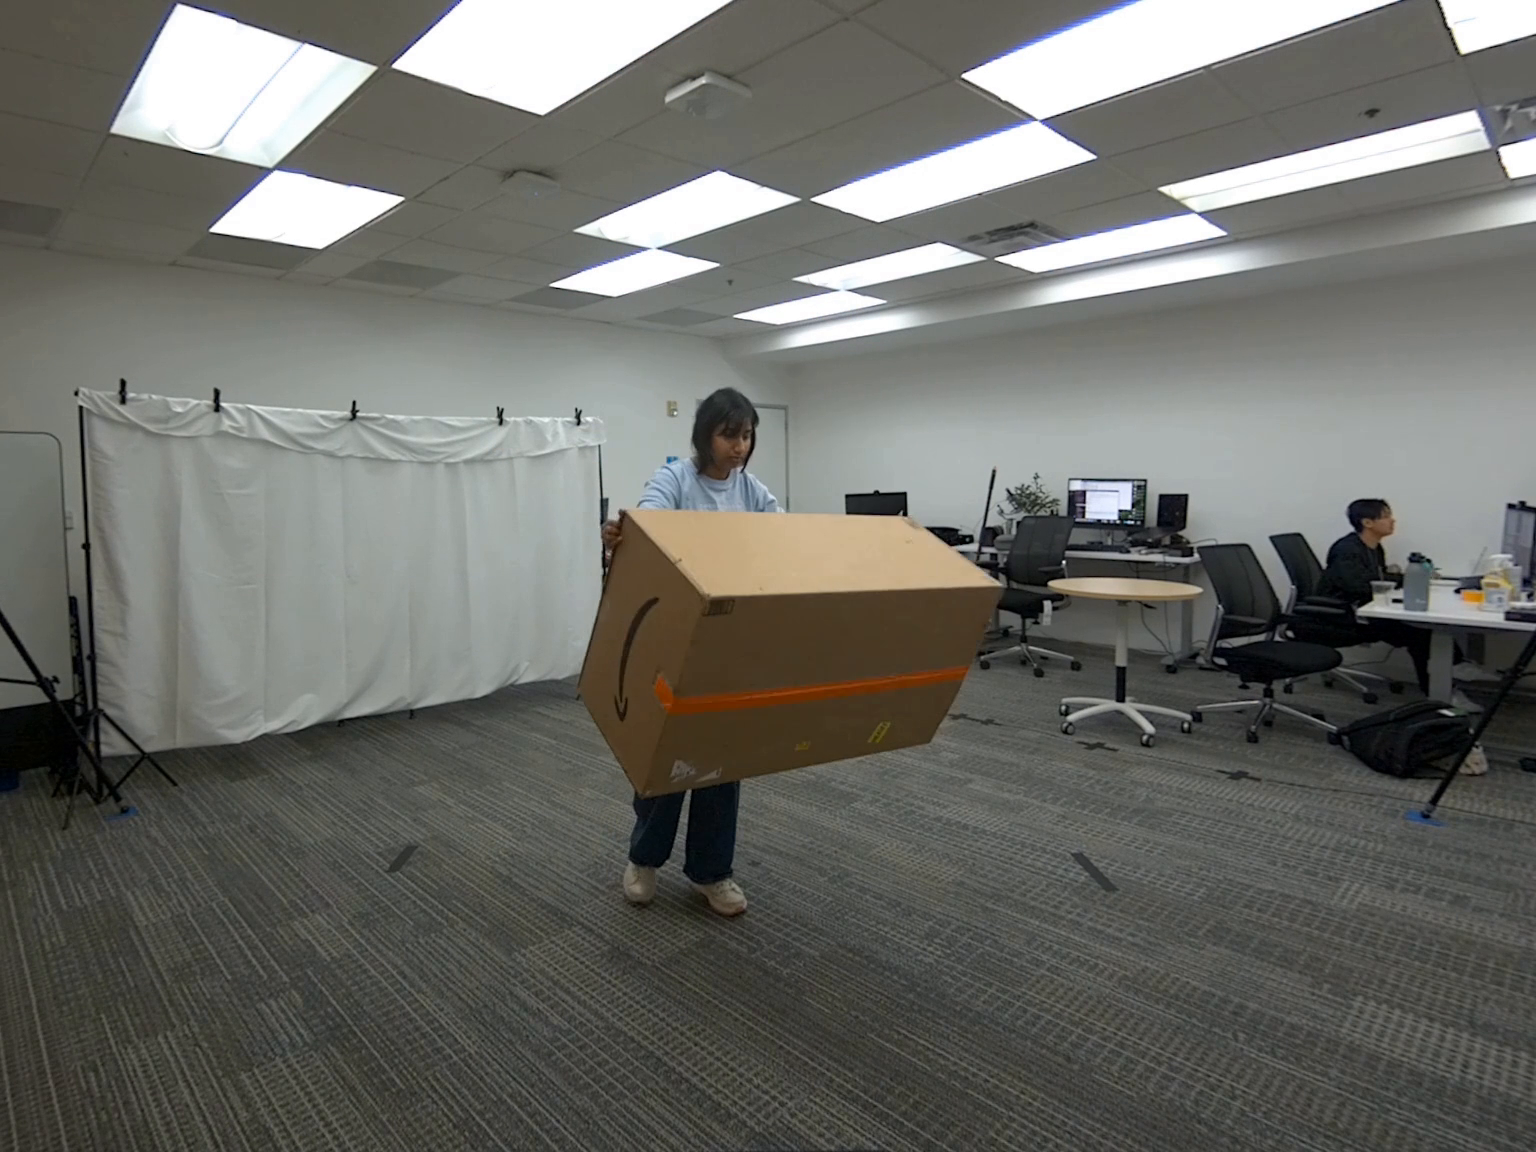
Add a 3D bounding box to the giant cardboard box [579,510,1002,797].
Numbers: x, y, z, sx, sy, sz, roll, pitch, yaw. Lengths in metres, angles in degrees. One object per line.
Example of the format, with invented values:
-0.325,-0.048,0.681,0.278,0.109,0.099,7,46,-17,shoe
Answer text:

PROBLEM DETAILS:
All lines from the one containing "Example of the" to the last line of the material above must be copied exactly, and only those.

RESULT OF THE TASK:
Example of the format, with invented values:
-0.325,-0.048,0.681,0.278,0.109,0.099,7,46,-17,shoe
Answer text:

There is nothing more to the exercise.